The complaint is properly treated as a complaint in equity since it seeks an annulment, which is equitable in nature, and since it seeks to have the prior alimony decree between the parties declared null and void. Code Ann. § 81A-160 (e) provides that a complaint in equity may be brought to set aside a judgment for fraud, accident or mistake, or the acts of the adverse party unmixed with the negligence or fault of the complainant.

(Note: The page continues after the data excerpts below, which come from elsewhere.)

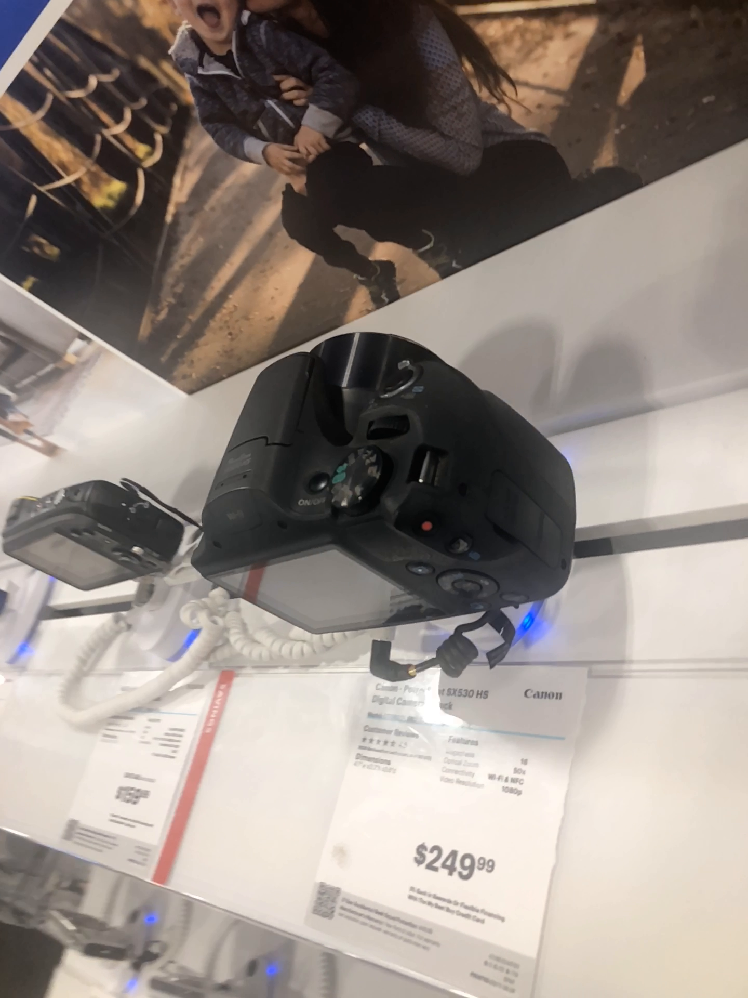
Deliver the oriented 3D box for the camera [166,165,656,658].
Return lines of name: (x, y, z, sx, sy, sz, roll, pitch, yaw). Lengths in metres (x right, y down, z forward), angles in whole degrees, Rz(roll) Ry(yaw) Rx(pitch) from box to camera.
camera: (0.012, -0.017, 0.264, 0.121, 0.070, 0.110, -14, 51, 45)
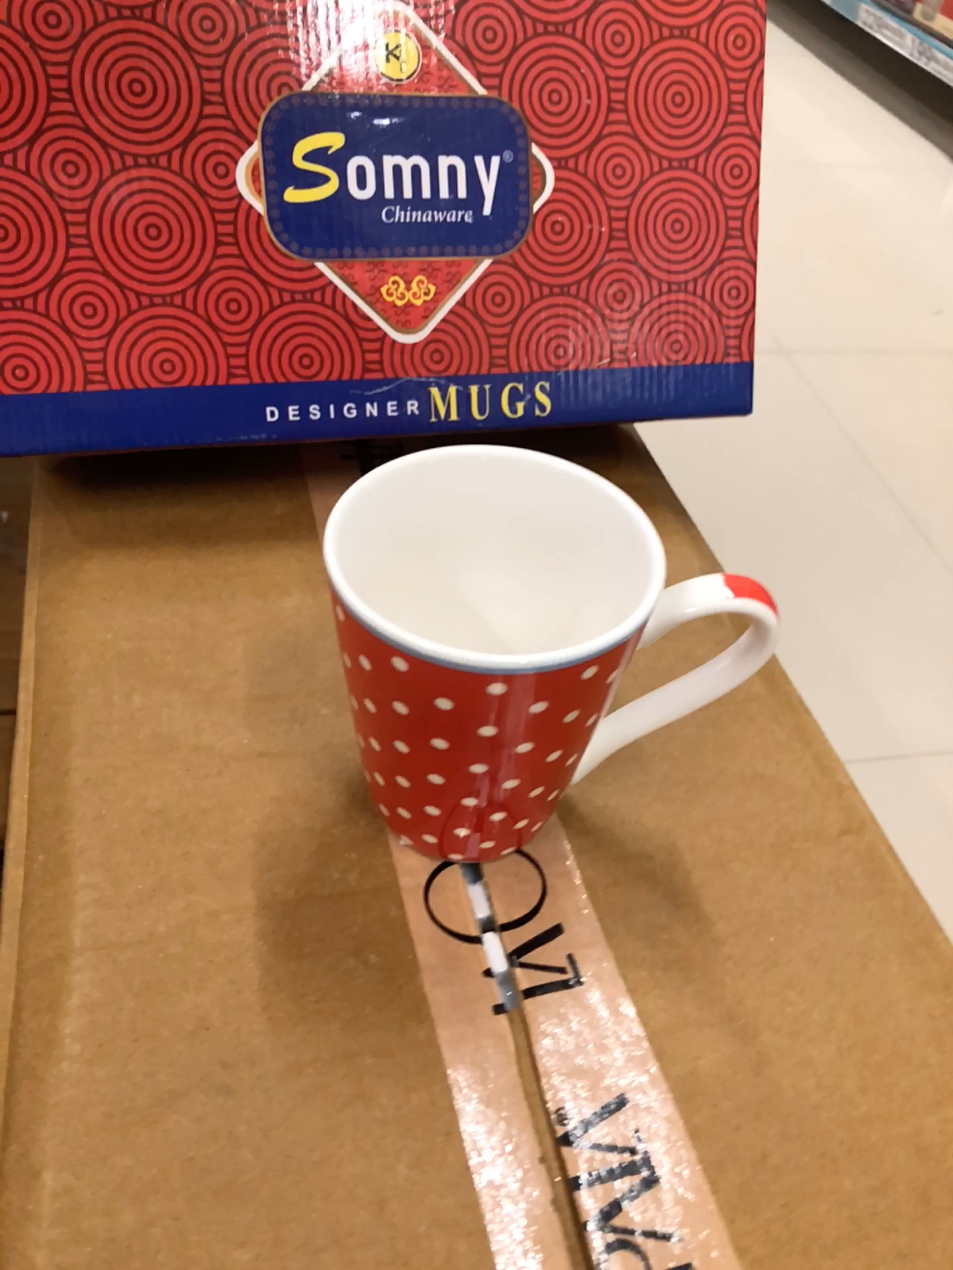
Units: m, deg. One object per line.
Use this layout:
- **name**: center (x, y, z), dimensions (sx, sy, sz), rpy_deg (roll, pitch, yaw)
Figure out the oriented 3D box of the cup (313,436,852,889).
- **cup**: center (0.017, 0.007, 0.289), dimensions (0.120, 0.089, 0.081), rpy_deg (0, 44, -8)

What about the merits of this case? Should plaintiff now be heard to complain about his legal incapacity to marry defendant when he passed up the opportunity to complain earlier? His case is fraught with difficulties in attempting to attack his marriage to defendant and set aside the prior alimony decree. It was necessary for defendant to establish in that case the existence of a valid marriage relationship with plaintiff in order to secure the court's award of permanent alimony. See, Durden v. Durden, 191 Ga. 404, 406 (12 SE2d 305); Boone v. Boone, 192 Ga. 579, 584 (15 SE2d 868); and, Zuber v. Zuber, 215 Ga. 314, 315 (110 SE2d 370). Thus, the validity of the marriage between the parties was an essential issue in the previous case and plaintiff could have successfully defended that action by proving he and defendant enjoyed only a meretricious relationship rather than a valid marriage. Plaintiff chose not to do so and the issue of the marriage validity was resolved adversely to him by that judgment. See Code Ann. § 110-501.

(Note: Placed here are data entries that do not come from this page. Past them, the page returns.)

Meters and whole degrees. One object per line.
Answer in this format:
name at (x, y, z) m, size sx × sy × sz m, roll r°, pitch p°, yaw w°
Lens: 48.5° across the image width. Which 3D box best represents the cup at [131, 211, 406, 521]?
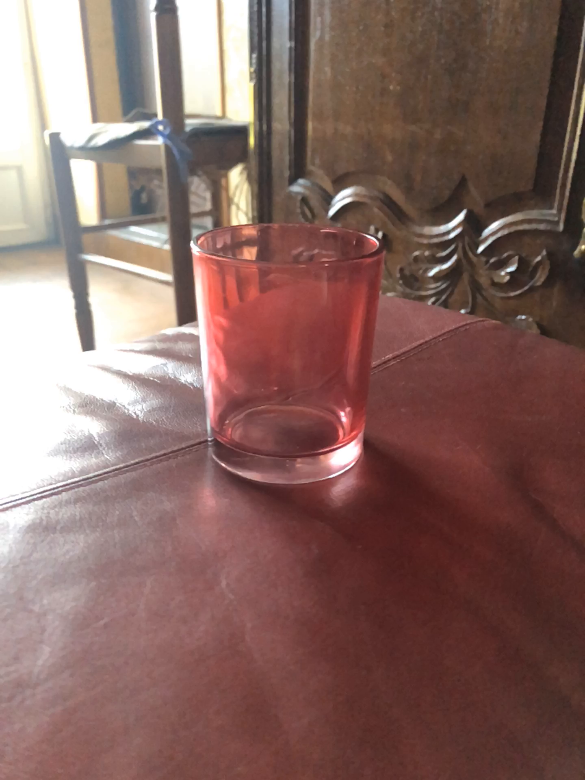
cup at (-0.007, -0.016, 0.251) m, size 0.070 × 0.090 × 0.070 m, roll 0°, pitch 23°, yaw 0°
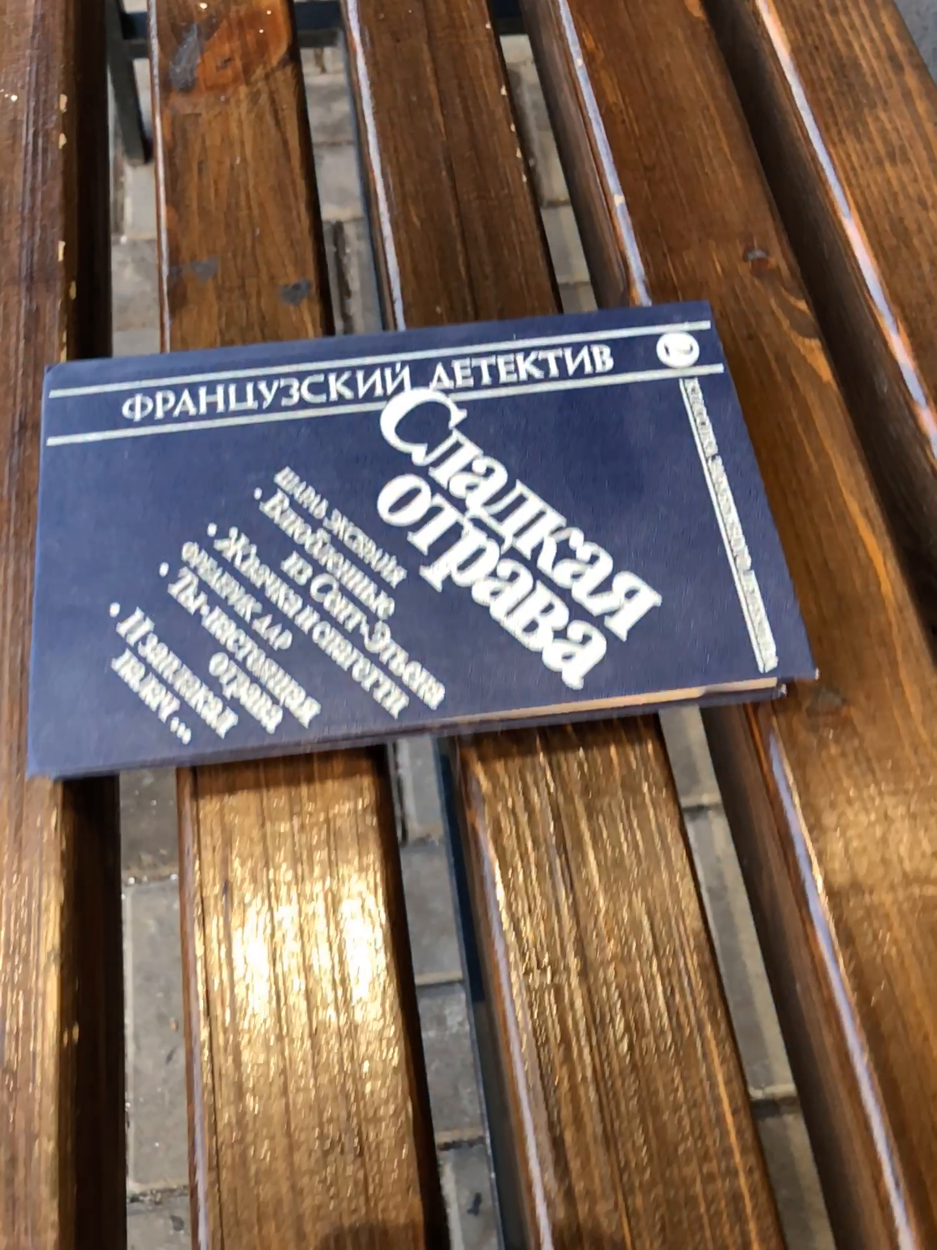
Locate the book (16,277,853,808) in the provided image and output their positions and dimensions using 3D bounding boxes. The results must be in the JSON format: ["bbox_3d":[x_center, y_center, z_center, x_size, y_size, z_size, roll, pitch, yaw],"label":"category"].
[{"bbox_3d":[-0.015,-0.029,0.303,0.211,0.030,0.133,-7,66,-4],"label":"book"}]
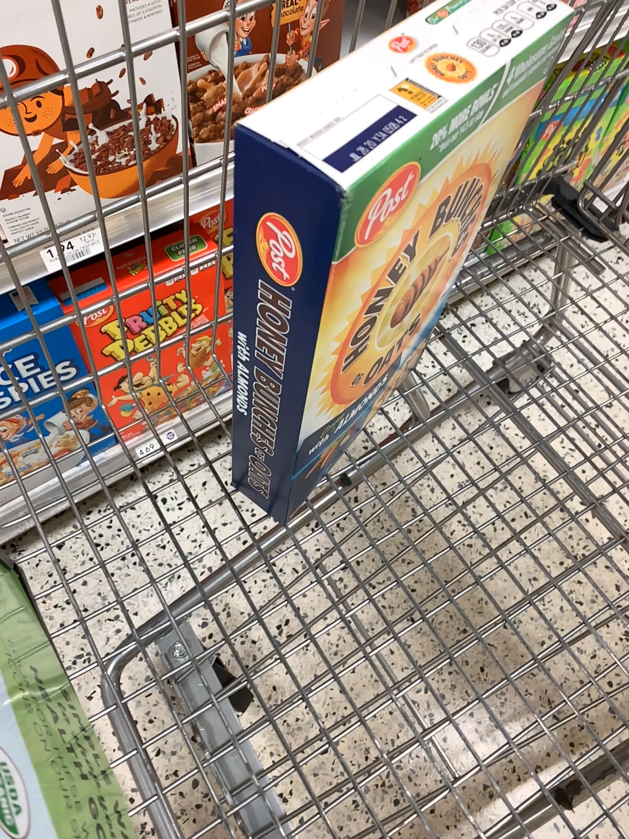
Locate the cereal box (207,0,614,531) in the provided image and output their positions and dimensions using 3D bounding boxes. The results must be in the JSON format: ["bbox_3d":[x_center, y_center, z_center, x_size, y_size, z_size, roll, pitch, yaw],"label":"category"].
[{"bbox_3d":[0.034,-0.078,0.397,0.060,0.308,0.211,38,63,14],"label":"cereal box"}]
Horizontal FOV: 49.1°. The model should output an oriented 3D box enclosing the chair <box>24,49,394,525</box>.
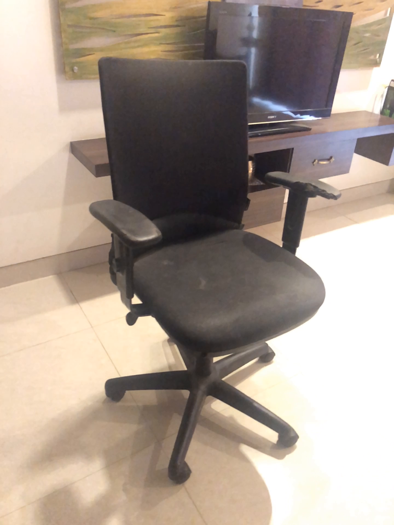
[{"bbox_3d":[0.049,0.012,1.245,0.712,1.042,0.703,-18,38,-30],"label":"chair"}]

Plaintiff does not contend that defendant perpetrated a fraud on the trial court when she obtained the prior alimony decree or that it was entered by accident *141 or mistake. Plaintiff's attack on the alimony decree and his marriage to defendant is based solely on the theory that he and defendant do not have a valid marriage in view of his undissolved prior marriage to a living third party. Plaintiff suffered judgment adversely to him in the alimony case through his own negligence in not defending that case on the lack of a valid marriage to defendant.

Thus, the provisions of Code Ann. § 81A-160 (e) are not available to plaintiff under the pleadings and evidence in this case. "`Equity will not intervene to set aside a judgment of a court of competent jurisdiction, which might have been prevented except for the negligence of the complaining party.' Rawleigh Co. v. Seagraves, 178 Ga. 459 (1) (173 S.E. 167); Hill v. Harris, 42 Ga. 412; McCaulis v. Duval, 69 Ga. 744; Beavers v. Cassells, 186 Ga. 98 (1) (196 S.E. 716); Strozier v. Moss, 211 Ga. 891 (89 SE2d 478)." Kitchens v. Clay, 224 Ga. 325, 327 (161 SE2d 828). See also, Gray v. Parks, 233 Ga. 244, 247 (210 SE2d 766).

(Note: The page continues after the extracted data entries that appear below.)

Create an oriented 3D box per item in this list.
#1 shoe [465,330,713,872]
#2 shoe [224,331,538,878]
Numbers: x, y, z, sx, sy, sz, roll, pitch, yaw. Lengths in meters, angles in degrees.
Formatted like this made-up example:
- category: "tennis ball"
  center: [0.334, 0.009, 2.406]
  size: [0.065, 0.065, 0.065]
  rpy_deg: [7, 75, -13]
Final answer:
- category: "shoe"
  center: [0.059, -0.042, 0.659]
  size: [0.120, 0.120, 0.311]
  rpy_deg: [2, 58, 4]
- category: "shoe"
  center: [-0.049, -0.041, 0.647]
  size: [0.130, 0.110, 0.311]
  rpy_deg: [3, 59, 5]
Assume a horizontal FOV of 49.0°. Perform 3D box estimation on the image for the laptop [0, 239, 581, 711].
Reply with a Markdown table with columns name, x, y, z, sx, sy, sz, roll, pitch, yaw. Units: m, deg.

Perhaps it can be argued that the effect of this decision is impossible to reconcile with the deeply ingrained monogamous notion in our law that a man legally cannot have two wives. It may well be that plaintiff has been posited on the horns of a dilemma from this connubial confusion. If so, it is of his own making and we do not adjudicate the validity of this second marriage but only that plaintiff cannot complain about it in this case. The judgment in the present case must be affirmed.

Judgment affirmed. All the Justices concur.